- Opening Delimiter -

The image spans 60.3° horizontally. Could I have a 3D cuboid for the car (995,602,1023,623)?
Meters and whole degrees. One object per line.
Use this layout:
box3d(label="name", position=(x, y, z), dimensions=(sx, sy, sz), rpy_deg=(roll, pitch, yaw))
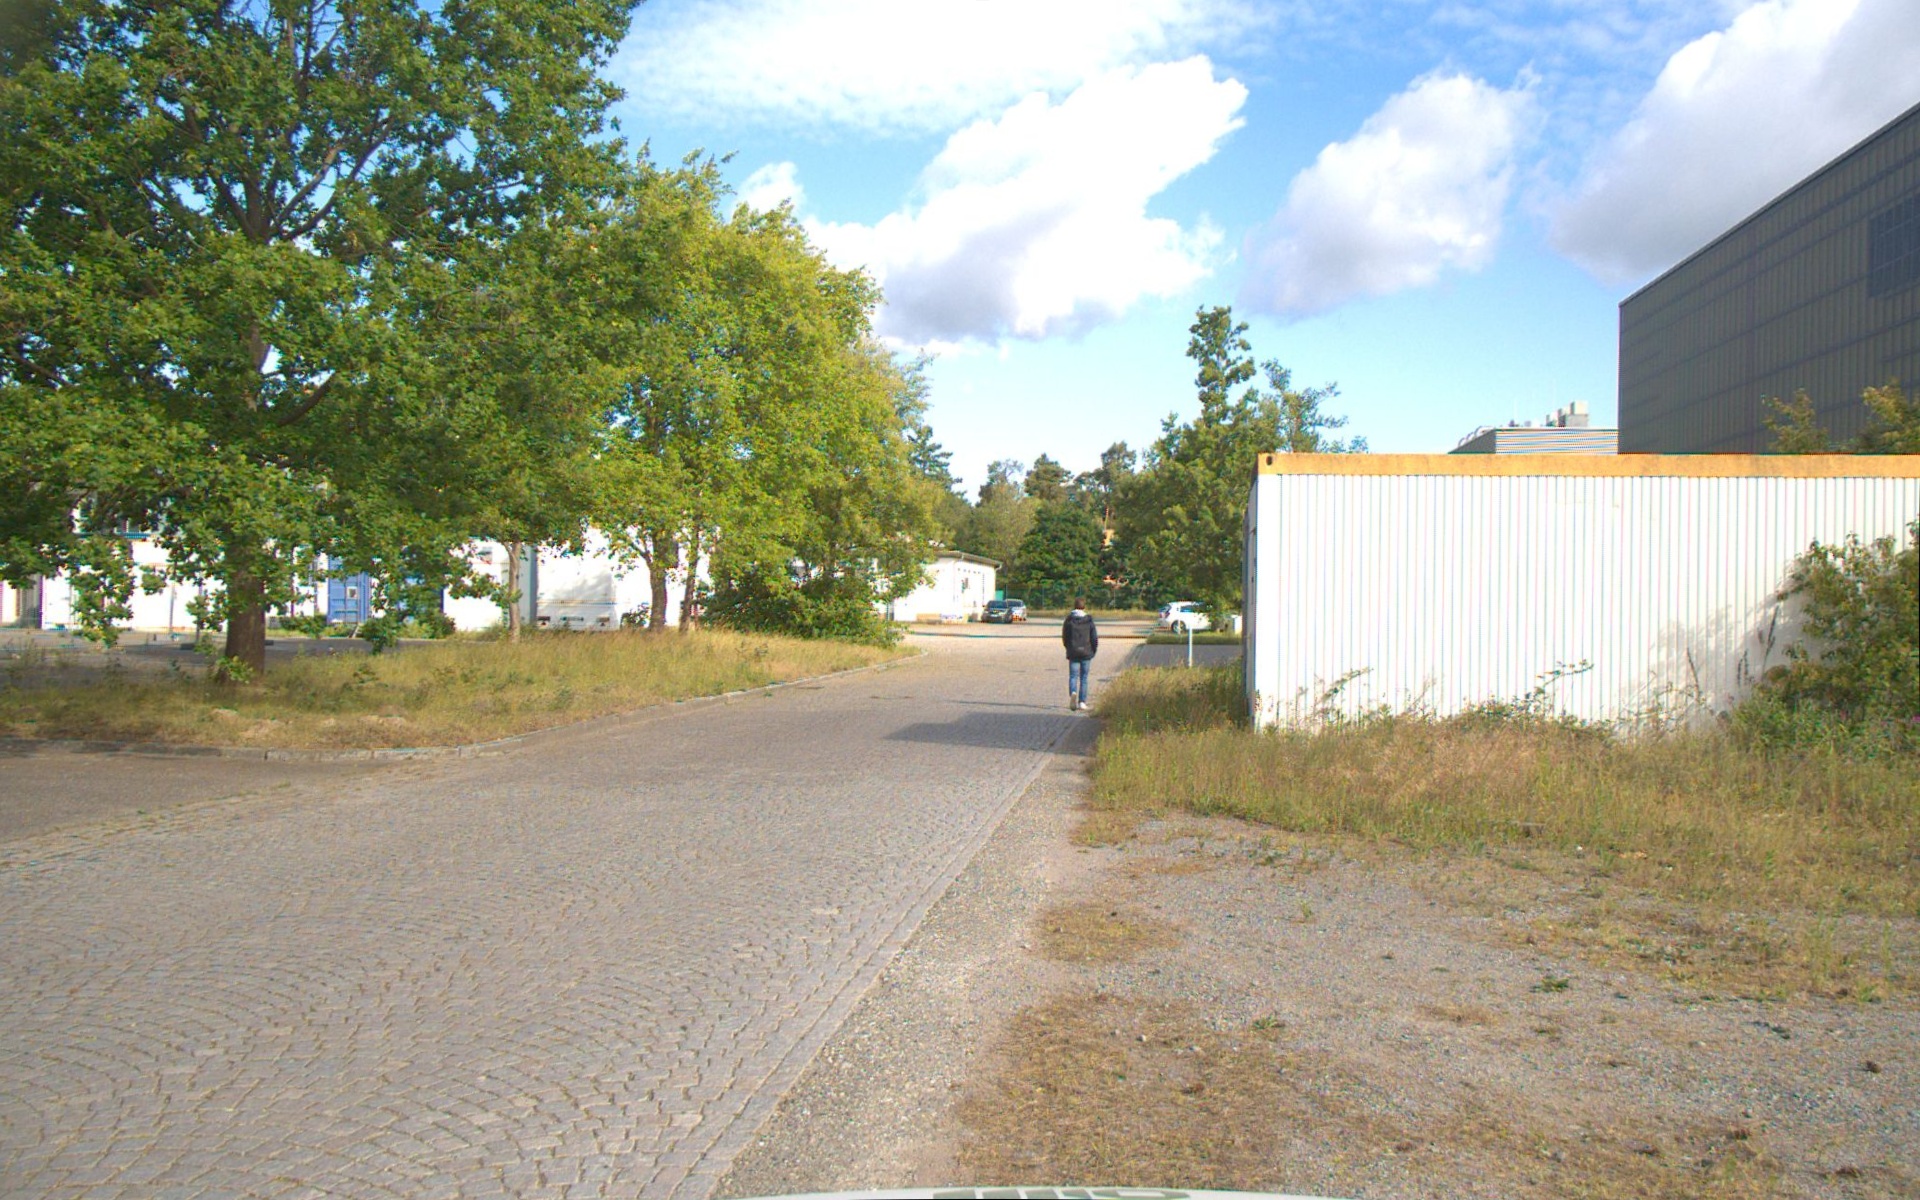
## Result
box3d(label="car", position=(3.440, 0.877, 117.008), dimensions=(1.952, 1.400, 4.000), rpy_deg=(1, 0, 1))

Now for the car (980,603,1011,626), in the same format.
box3d(label="car", position=(2.256, 0.910, 106.787), dimensions=(1.952, 1.395, 4.000), rpy_deg=(1, 0, 1))

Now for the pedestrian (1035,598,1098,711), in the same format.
box3d(label="pedestrian", position=(1.538, 0.776, 24.074), dimensions=(0.847, 1.586, 1.028), rpy_deg=(1, 0, 1))

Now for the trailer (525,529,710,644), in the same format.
box3d(label="trailer", position=(-11.377, -0.397, 56.223), dimensions=(2.855, 3.532, 9.909), rpy_deg=(1, 0, 9))

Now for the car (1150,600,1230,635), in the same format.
box3d(label="car", position=(11.705, 0.898, 84.060), dimensions=(3.902, 1.671, 2.002), rpy_deg=(1, 0, 12))

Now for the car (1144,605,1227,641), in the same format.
box3d(label="car", position=(11.131, 1.107, 81.483), dimensions=(3.902, 1.671, 2.002), rpy_deg=(1, 0, 12))

- Closing Delimiter -

● **ACTIVITY**
Please retype exactly the line containing "Now for the trailer" and each line after it to the end of the records, and nothing more.

● **SOLVED PROBLEM**
Now for the trailer (525,529,710,644), in the same format.
box3d(label="trailer", position=(-11.377, -0.397, 56.223), dimensions=(2.855, 3.532, 9.909), rpy_deg=(1, 0, 9))

Now for the car (1150,600,1230,635), in the same format.
box3d(label="car", position=(11.705, 0.898, 84.060), dimensions=(3.902, 1.671, 2.002), rpy_deg=(1, 0, 12))

Now for the car (1144,605,1227,641), in the same format.
box3d(label="car", position=(11.131, 1.107, 81.483), dimensions=(3.902, 1.671, 2.002), rpy_deg=(1, 0, 12))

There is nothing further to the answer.